# About this exercise
Locate the line containing "I'd appreciate a" in the material below; repeat it and every line after it, exactly as written.

# Provided material
Content starts
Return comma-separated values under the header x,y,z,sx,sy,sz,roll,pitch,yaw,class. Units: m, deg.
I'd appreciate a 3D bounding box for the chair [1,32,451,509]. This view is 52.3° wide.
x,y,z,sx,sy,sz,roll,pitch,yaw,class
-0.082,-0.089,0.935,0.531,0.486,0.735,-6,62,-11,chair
Content ends
# Task answer
I'd appreciate a 3D bounding box for the chair [1,32,451,509]. This view is 52.3° wide.
x,y,z,sx,sy,sz,roll,pitch,yaw,class
-0.082,-0.089,0.935,0.531,0.486,0.735,-6,62,-11,chair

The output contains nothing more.